How to Make Our Chicken Spinach and Mushroom Oven Dish

  1. Preheat oven to 375°F (190°C). Lightly grease a baking dish.
  2. Heat olive oil in a skillet and sauté mushrooms for 4–5 minutes until softened.
  3. Add garlic and spinach, cooking until spinach wilts.
  4. Stir in cream cheese and Greek yogurt until creamy.
  5. Season with paprika, salt, and pepper.
  6. Place chicken into the baking dish and pour creamy mushroom mixture over the top.
  7. Sprinkle mozzarella cheese evenly over everything.
  8. Bake for 25–30 minutes until chicken is cooked through and cheese is bubbly.
  9. Rest for 5 minutes before serving.

This method keeps the chicken juicy while creating a creamy, satisfying low-carb sauce.


Macros & Plan Compatibility

Plan Notes
Keto & Low-Carb ~5–6g net carbs per serving using full-fat dairy and no starch thickeners.
Slimming About 4–5 syns per serving using light cream cheese and fat-free Greek yogurt.
High-Protein ~38–40g protein per serving from chicken, yogurt, and cheese.
Weight Watchers ~5 SmartPoints (Blue plan) using reduced-fat cheese and lean chicken breast.
Mediterranean Fits well using olive oil, vegetables, lean protein, and moderate cheese.

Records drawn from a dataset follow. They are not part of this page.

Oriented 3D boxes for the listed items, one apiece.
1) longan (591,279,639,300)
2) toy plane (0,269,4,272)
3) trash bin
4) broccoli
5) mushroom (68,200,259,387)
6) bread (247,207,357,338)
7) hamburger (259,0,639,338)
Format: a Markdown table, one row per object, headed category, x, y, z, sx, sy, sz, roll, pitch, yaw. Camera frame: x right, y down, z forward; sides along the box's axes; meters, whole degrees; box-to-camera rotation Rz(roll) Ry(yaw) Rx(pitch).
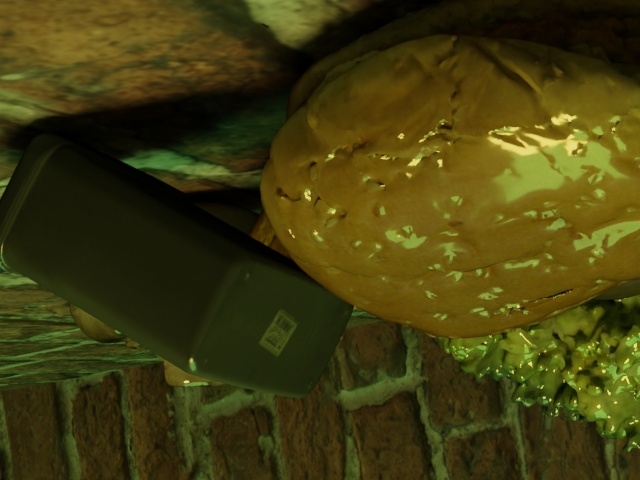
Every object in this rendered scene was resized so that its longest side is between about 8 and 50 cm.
| category | x | y | z | sx | sy | sz | roll | pitch | yaw |
| --- | --- | --- | --- | --- | --- | --- | --- | --- | --- |
| longan | 0.221 | -0.040 | 0.884 | 0.189 | 0.189 | 0.189 | -8 | 171 | -1 |
| toy plane | -0.328 | 0.023 | 1.166 | 0.167 | 0.054 | 0.062 | -1 | 143 | -37 |
| trash bin | -0.113 | 0.014 | 0.800 | 0.236 | 0.101 | 0.177 | 27 | 179 | 31 |
| broccoli | 0.264 | 0.003 | 1.101 | 0.293 | 0.348 | 0.281 | -46 | 154 | -30 |
| mushroom | -0.128 | 0.054 | 1.121 | 0.227 | 0.178 | 0.226 | 1 | 167 | 0 |
| bread | 0.000 | 0.000 | 0.949 | 0.094 | 0.102 | 0.245 | -10 | 148 | -38 |
| hamburger | 0.113 | -0.040 | 0.705 | 0.283 | 0.144 | 0.259 | -28 | 135 | 34 |

Storage & Serving Suggestions

Store:
Refrigerate leftovers in an airtight container for up to 4 days.

Reheat:
Warm in the oven or microwave until heated through.

Freeze:
Freeze portions for up to 2 months.

Serve With:

  • Cauliflower rice
  • Roasted broccoli
  • Zucchini noodles
  • Fresh cucumber salad


Tips & FAQs

Can I use frozen spinach?

Yes. Thaw and squeeze out excess liquid before adding.

What mushrooms work best?

Button mushrooms, cremini, or baby bella mushrooms all work well.

Can I make this ahead of time?

Absolutely. Assemble the dish and refrigerate before baking.

Why is my sauce watery?

Mushrooms and spinach release moisture. Cook them fully before baking.

Can I use chicken thighs instead of breast?

Yes. Chicken thighs add extra flavor and stay very juicy.